- **Goal of the exercise**
Once you reach the line with "Predict each listed" below, copy each line exactly, stopping after the line with "6) car [444, 261, 580, 365]", and skip any pictures.

*** Opening Working data ***

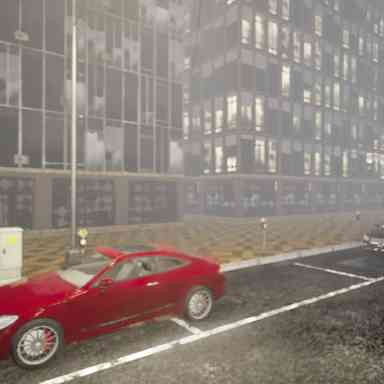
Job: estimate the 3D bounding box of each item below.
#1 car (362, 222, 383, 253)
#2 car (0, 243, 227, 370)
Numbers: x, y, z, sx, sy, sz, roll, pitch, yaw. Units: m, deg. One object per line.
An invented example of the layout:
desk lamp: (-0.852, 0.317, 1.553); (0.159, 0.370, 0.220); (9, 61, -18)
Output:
car: (8.004, 1.531, 12.266); (4.403, 1.369, 2.008); (0, 0, -36)
car: (-1.265, 1.579, 5.653); (4.206, 1.307, 1.802); (0, 0, -36)
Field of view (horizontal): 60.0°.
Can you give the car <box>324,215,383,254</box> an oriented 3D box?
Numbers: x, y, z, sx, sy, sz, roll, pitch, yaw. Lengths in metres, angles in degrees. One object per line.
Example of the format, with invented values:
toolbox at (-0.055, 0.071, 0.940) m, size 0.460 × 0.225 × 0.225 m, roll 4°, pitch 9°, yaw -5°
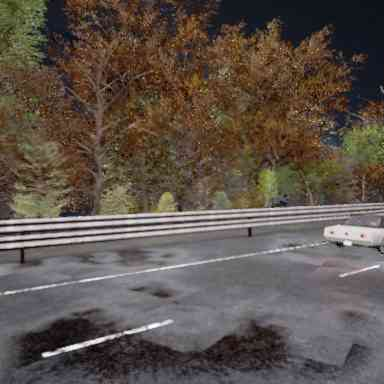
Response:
car at (7.464, 1.555, 13.296) m, size 4.718 × 1.301 × 1.895 m, roll 0°, pitch 0°, yaw -35°
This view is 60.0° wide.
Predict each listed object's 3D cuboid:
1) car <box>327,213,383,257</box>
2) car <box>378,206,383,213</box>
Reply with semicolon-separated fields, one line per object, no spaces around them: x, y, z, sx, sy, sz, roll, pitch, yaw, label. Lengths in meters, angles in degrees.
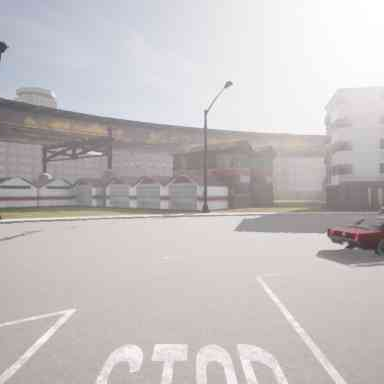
7.738;1.601;12.691;4.718;1.301;1.895;0;0;-15;car
17.984;1.352;27.461;4.553;1.767;2.097;0;0;4;car
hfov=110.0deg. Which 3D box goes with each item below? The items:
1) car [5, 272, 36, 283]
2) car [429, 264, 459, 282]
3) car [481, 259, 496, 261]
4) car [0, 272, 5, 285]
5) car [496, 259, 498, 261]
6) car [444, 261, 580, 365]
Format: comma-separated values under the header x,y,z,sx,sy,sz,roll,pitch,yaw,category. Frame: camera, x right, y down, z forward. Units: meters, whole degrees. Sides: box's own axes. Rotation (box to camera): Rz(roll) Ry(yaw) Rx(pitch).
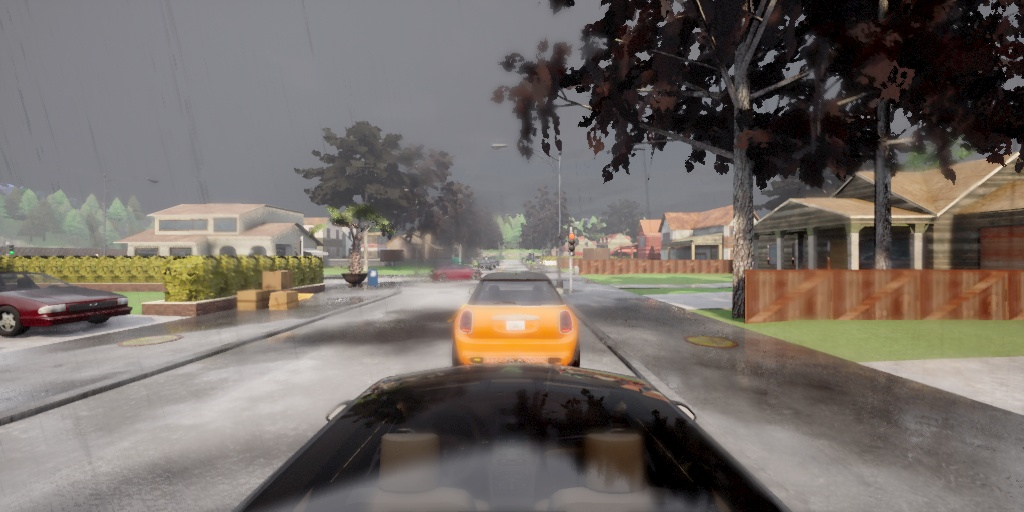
x,y,z,sx,sy,sz,roll,pitch,yaw,category
-44.655,1.314,30.885,4.181,1.385,1.994,0,0,1,car
-4.448,1.314,28.435,4.181,1.385,1.994,0,0,-30,car
-3.692,1.255,49.920,1.837,1.490,4.892,0,0,1,car
-42.054,1.298,26.741,5.357,1.411,2.033,0,0,1,car
-3.600,1.241,59.260,2.128,1.511,4.902,0,0,1,car
0.096,1.102,7.713,2.097,1.767,4.553,0,0,1,car

*** Closing Working data ***

- **Response to this task**
Predict each listed object's 3D cuboid:
1) car <box>327,213,383,257</box>
2) car <box>378,206,383,213</box>
Reply with semicolon-separated fields, one line per object, no spaces around them: x, y, z, sx, sy, sz, roll, pitch, yaw, label. Lengths in meters, angles in degrees.
7.738;1.601;12.691;4.718;1.301;1.895;0;0;-15;car
17.984;1.352;27.461;4.553;1.767;2.097;0;0;4;car
hfov=110.0deg. Which 3D box goes with each item below? The items:
1) car [5, 272, 36, 283]
2) car [429, 264, 459, 282]
3) car [481, 259, 496, 261]
4) car [0, 272, 5, 285]
5) car [496, 259, 498, 261]
6) car [444, 261, 580, 365]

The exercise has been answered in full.